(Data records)
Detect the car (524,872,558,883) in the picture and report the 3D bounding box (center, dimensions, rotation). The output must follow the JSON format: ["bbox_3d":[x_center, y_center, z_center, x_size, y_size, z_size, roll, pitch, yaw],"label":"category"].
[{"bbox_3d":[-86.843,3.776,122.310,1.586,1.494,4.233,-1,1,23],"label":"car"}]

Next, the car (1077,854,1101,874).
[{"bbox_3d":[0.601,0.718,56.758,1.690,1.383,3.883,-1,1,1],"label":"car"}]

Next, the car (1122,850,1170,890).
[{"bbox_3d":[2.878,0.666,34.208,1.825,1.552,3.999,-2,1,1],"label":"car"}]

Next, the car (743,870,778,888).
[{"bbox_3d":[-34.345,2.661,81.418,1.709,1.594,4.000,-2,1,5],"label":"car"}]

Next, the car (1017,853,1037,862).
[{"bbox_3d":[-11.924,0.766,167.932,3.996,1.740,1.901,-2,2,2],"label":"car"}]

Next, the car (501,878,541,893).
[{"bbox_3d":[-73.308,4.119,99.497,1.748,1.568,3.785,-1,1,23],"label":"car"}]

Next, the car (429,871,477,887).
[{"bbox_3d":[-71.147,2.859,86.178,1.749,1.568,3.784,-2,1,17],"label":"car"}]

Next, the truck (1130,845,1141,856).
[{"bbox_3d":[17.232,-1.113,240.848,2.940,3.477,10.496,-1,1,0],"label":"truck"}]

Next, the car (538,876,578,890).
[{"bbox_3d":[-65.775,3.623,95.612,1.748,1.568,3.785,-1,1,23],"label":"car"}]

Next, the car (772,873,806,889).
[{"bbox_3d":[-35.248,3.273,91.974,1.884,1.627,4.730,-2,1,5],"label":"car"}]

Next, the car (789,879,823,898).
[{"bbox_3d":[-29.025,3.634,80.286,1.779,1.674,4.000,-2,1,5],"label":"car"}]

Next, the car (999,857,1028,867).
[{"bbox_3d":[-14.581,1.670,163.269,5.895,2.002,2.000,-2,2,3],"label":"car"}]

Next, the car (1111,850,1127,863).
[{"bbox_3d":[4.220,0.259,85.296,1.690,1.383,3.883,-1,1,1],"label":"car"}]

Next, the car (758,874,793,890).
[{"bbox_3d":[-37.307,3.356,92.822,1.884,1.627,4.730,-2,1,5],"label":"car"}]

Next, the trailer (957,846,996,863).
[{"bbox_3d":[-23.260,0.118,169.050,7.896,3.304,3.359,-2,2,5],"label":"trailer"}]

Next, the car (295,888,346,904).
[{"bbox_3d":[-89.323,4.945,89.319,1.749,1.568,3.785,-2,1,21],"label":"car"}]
---
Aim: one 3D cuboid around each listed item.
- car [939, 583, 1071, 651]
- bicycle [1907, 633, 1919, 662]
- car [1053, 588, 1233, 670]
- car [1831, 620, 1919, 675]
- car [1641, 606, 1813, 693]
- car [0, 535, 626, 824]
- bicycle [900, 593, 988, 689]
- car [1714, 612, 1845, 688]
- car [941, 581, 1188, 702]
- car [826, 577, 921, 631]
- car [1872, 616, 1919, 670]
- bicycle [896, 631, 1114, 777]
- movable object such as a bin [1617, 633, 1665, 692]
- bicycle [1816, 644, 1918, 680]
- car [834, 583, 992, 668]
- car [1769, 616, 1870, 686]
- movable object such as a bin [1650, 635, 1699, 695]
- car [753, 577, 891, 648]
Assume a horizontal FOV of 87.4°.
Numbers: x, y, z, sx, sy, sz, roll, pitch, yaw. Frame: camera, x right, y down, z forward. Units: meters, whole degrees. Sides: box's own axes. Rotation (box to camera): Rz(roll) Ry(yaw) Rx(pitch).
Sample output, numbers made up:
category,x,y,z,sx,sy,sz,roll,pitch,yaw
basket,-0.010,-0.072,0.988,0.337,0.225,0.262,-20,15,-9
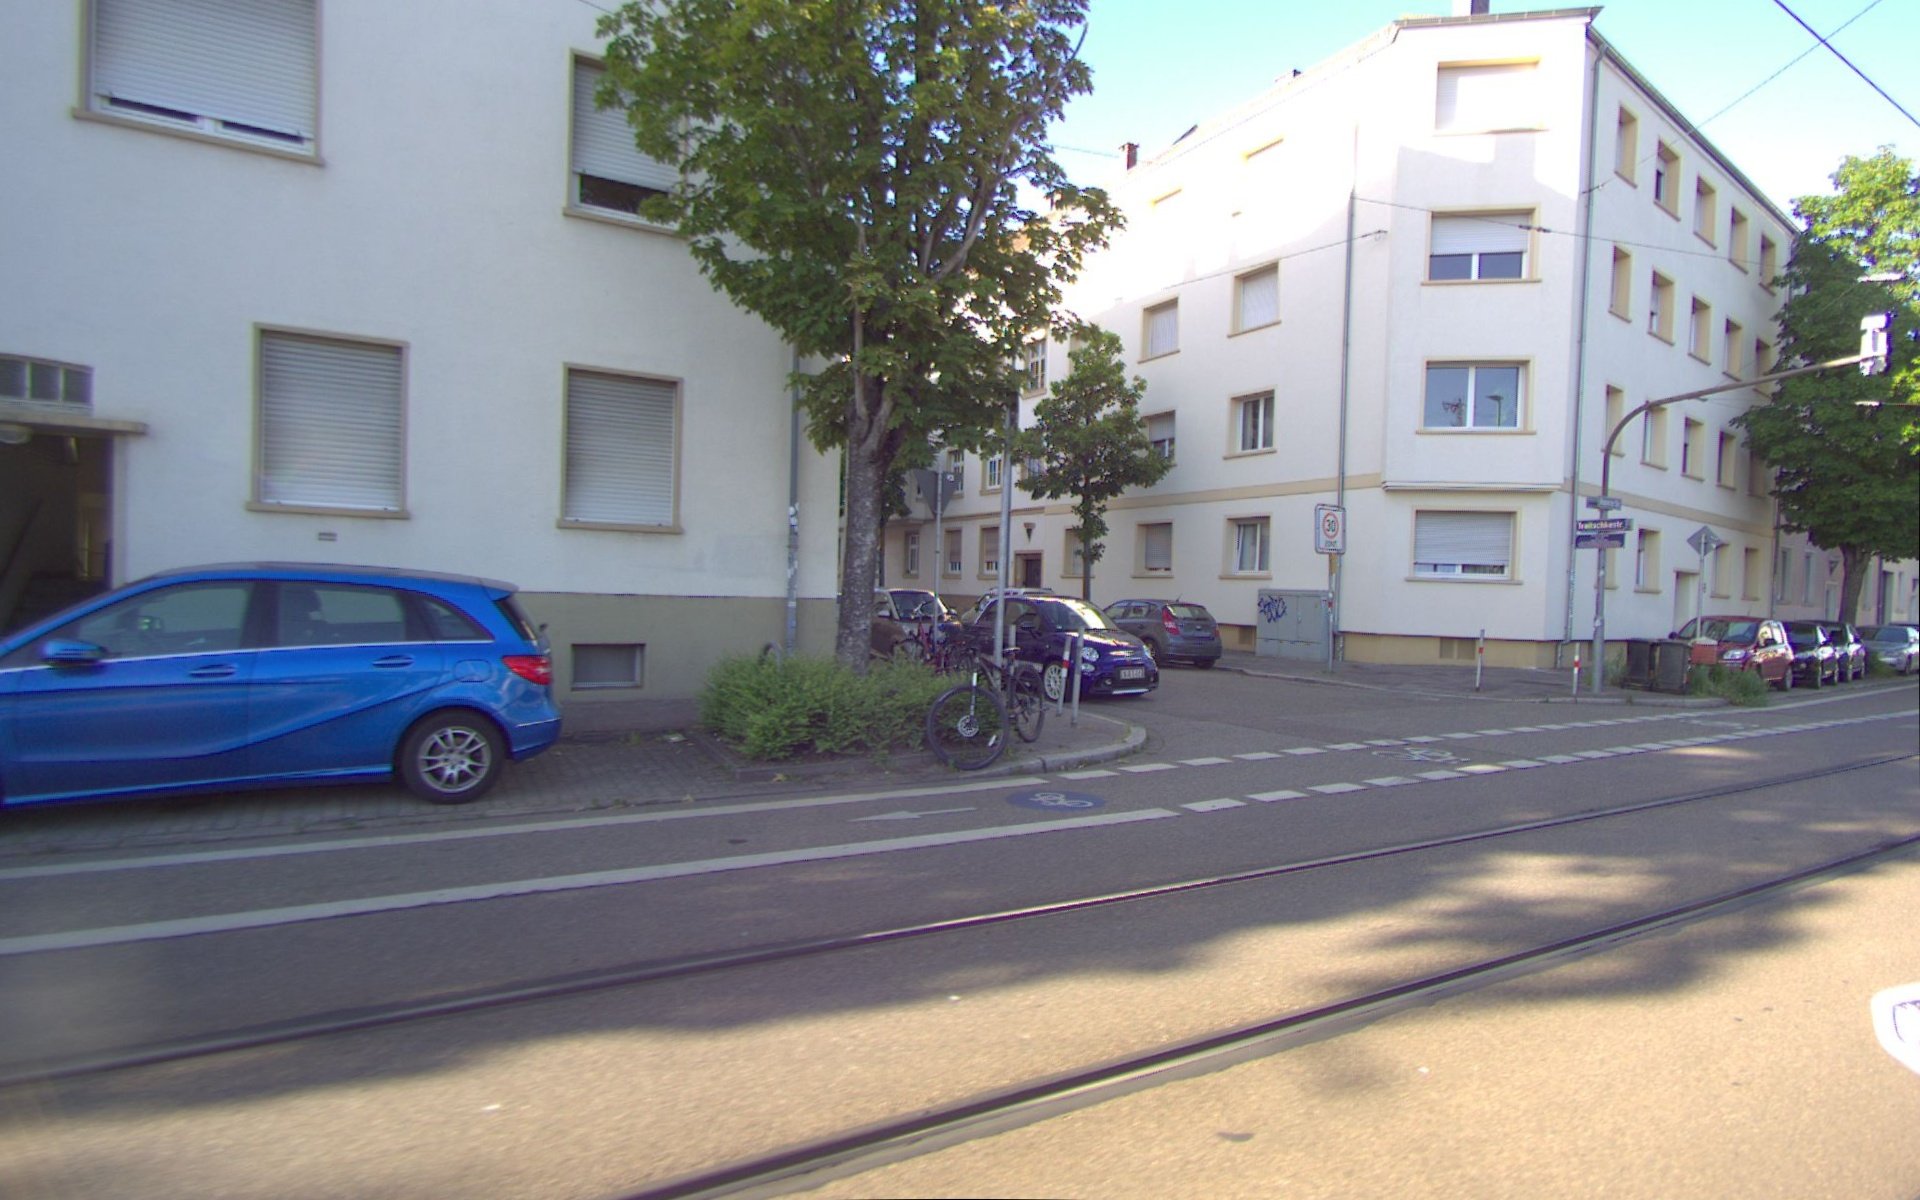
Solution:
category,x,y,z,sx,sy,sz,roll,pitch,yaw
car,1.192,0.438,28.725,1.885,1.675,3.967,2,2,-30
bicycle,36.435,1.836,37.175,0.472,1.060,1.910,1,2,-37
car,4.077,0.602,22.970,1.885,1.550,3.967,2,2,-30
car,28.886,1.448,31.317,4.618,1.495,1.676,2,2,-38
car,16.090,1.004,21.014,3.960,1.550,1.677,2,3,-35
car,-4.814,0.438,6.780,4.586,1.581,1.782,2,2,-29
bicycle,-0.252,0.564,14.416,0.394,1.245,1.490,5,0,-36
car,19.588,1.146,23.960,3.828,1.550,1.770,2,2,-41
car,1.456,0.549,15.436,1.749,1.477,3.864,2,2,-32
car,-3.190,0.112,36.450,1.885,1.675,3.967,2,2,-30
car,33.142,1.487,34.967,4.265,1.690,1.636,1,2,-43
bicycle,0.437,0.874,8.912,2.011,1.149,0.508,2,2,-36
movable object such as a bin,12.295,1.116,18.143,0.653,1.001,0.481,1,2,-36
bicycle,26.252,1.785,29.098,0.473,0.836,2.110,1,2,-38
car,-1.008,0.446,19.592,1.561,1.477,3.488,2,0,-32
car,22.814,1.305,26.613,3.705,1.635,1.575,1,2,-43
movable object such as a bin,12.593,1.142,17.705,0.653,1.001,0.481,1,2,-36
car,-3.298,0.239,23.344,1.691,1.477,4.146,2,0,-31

- **EXERCISE DESCRIPTION**
All that belongs in the answer is the run of lines above from the line containing "- bicycle [1816, 644, 1918, 680]" through the line containing "Assume a horizontal FOV of 87.4°.", exactly as written.

- **ANSWER SPACE**
- bicycle [1816, 644, 1918, 680]
- car [834, 583, 992, 668]
- car [1769, 616, 1870, 686]
- movable object such as a bin [1650, 635, 1699, 695]
- car [753, 577, 891, 648]
Assume a horizontal FOV of 87.4°.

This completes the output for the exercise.